Another school shooting in Colorado.  “By another student, nope, by an adult.  4 hostages, no wait, 5 hostages…”  Another reporting error by jumping the gun but at least this one valid.  Real news of a sort.  This disappointment is a human disappointment in myself.  I heard that there was a school shooting and I just shook my head and thought, “Happens all the time.”  How sad is that?  A gunman shoots up a school and people are more worried if T.O. is going to play on Sunday.
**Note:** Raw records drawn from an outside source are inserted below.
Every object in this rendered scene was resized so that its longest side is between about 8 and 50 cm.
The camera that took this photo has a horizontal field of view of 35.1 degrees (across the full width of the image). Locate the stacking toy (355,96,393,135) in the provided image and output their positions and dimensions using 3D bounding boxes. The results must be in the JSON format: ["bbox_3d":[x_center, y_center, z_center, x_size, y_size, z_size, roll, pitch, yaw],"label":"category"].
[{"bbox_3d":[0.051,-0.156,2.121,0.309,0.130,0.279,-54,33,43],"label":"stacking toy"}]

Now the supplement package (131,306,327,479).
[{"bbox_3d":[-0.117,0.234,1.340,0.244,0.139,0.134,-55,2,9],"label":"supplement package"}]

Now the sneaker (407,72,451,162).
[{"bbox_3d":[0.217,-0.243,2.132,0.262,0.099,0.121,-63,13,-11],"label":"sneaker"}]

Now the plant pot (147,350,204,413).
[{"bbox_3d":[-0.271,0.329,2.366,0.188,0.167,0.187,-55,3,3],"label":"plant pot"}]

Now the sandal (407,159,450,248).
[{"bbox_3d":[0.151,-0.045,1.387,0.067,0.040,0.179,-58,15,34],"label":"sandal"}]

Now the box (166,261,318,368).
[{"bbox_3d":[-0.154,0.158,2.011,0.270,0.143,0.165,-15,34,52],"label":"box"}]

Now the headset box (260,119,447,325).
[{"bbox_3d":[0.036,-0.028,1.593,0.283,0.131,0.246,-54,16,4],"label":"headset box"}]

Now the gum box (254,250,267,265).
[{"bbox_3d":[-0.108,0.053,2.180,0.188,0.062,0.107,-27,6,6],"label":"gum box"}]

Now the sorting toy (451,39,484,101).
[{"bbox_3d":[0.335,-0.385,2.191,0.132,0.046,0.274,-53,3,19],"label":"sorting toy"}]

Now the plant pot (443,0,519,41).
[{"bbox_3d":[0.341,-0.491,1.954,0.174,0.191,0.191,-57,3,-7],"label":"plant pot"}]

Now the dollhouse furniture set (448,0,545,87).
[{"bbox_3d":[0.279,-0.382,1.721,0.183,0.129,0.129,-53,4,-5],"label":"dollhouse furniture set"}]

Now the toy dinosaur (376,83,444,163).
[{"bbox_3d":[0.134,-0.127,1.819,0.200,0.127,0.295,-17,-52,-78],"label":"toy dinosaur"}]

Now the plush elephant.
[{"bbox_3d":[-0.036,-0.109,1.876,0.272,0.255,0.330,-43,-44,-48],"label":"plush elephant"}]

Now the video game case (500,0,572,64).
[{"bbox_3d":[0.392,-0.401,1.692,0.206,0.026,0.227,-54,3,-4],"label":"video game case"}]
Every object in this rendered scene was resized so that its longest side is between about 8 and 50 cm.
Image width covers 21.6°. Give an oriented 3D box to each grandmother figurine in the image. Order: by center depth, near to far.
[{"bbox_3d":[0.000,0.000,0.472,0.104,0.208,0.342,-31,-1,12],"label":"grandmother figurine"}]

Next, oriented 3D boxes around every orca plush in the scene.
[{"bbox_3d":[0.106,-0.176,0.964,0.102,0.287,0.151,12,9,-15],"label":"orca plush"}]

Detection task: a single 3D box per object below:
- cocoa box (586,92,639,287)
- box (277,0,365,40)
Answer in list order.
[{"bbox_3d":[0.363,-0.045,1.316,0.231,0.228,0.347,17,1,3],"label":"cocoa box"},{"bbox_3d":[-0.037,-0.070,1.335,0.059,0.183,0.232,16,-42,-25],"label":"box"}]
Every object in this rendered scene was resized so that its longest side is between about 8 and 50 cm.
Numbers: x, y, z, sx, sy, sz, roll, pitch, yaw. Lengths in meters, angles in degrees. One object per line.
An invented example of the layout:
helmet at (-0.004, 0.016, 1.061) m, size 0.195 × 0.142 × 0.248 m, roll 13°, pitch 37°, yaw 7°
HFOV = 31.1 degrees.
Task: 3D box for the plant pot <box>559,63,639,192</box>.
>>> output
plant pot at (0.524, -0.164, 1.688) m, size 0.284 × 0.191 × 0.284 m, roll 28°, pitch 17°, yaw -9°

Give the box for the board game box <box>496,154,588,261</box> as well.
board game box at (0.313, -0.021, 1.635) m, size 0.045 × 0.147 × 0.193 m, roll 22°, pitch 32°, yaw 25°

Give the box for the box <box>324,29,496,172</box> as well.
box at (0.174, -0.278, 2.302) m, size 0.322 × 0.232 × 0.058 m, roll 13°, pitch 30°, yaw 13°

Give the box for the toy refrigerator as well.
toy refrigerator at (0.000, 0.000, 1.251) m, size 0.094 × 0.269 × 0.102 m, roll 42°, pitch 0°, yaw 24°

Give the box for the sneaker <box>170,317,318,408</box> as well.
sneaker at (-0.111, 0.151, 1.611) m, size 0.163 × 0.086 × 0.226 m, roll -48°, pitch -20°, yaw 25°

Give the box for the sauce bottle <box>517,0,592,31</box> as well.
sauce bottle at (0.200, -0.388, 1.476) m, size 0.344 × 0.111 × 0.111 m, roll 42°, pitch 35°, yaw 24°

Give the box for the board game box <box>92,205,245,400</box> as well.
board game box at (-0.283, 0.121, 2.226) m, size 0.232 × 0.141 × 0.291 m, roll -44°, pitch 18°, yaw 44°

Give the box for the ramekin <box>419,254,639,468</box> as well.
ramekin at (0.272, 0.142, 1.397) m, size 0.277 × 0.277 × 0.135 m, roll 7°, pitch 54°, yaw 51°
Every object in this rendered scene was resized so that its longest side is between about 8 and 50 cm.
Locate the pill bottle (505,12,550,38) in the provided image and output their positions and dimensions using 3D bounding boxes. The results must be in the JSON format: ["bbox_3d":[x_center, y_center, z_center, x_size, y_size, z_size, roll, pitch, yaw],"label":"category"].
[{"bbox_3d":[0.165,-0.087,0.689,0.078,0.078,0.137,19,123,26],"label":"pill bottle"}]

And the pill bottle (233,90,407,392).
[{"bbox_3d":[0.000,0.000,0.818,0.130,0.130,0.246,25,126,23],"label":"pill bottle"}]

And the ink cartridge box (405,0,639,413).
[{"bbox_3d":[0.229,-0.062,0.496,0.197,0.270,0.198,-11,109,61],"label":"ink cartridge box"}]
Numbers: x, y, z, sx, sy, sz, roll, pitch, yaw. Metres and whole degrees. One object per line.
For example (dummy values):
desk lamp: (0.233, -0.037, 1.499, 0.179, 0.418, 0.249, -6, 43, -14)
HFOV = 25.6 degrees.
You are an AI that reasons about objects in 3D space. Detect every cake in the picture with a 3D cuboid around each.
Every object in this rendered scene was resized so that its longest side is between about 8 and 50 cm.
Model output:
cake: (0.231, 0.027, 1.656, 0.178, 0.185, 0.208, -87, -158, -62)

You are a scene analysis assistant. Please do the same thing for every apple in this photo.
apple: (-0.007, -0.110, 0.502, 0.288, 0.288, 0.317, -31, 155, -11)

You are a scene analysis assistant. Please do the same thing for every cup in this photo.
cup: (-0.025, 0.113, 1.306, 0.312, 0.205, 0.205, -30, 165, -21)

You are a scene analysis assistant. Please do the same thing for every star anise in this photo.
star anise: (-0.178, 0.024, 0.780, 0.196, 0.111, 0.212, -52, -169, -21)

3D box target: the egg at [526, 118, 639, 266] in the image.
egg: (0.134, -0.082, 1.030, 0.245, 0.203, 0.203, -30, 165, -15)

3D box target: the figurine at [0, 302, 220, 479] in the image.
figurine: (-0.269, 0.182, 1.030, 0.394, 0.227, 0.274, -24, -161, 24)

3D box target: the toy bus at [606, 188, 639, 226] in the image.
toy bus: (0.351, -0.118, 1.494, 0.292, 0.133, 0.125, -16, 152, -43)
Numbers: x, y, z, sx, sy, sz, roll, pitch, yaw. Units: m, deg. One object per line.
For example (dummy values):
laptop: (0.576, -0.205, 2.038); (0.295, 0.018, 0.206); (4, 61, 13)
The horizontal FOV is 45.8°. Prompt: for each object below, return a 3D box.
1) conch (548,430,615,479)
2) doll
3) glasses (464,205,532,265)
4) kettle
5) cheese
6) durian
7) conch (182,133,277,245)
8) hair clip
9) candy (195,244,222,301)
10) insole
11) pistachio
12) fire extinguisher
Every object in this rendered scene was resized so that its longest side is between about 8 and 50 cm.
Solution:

Hillary Clinton is defending her man on the “Who did more to find BinLaden game” the news channels are playing.  Who the fuck cares?  Join forces and let’s go find him together!  Find him, kill him and eat him!  Why are we fighting amongst ourselves about who gets more credit?  You both tried, you both failed.  What we need is to put this on a game show, or as we now call it, “Reality TV”.  Something like ‘Survivor’ or ‘Fear Factor’.  Get four teams, put them in the middle-east and tell them “Whoever returns (alive) with BinLaden’s head wins a big-screen-plasma TV and never has to pay taxes again.”  Keep playing the game until someone wins.  Film it and everyone tunes in.  Let the people at home text message who they think will be the winner and flash the texts across the bottom of the screen like a news ticker.  It worked with sillier ideas than this.  The fact that the news people are reporting on something like this sandbox fight about who tried harder just shows how shallow our politicians have become and how pacified as a nation we are.  At least the politicians of old pretended to care, now it is all too obvious how little they really care about their stated goals.  As long as the cameras get a good angle of me “trying” to accomplish our goals, we don’t have to really “do” anything.

Something you may or may not know about me.  I always romanticized about being a journalist.  I wanted to report from the field, write my own copy, and cover my own stories.  I remember learning about Woodward and Bernstein, Murrow, Cronkite and I wanted to do more.  Not just be a talking-head anchor but to actually bring the untold stories to the screen by living them.

I always wanted to be a journalist but contrary to popular belief, I still have my soul and it’s not for sale just yet.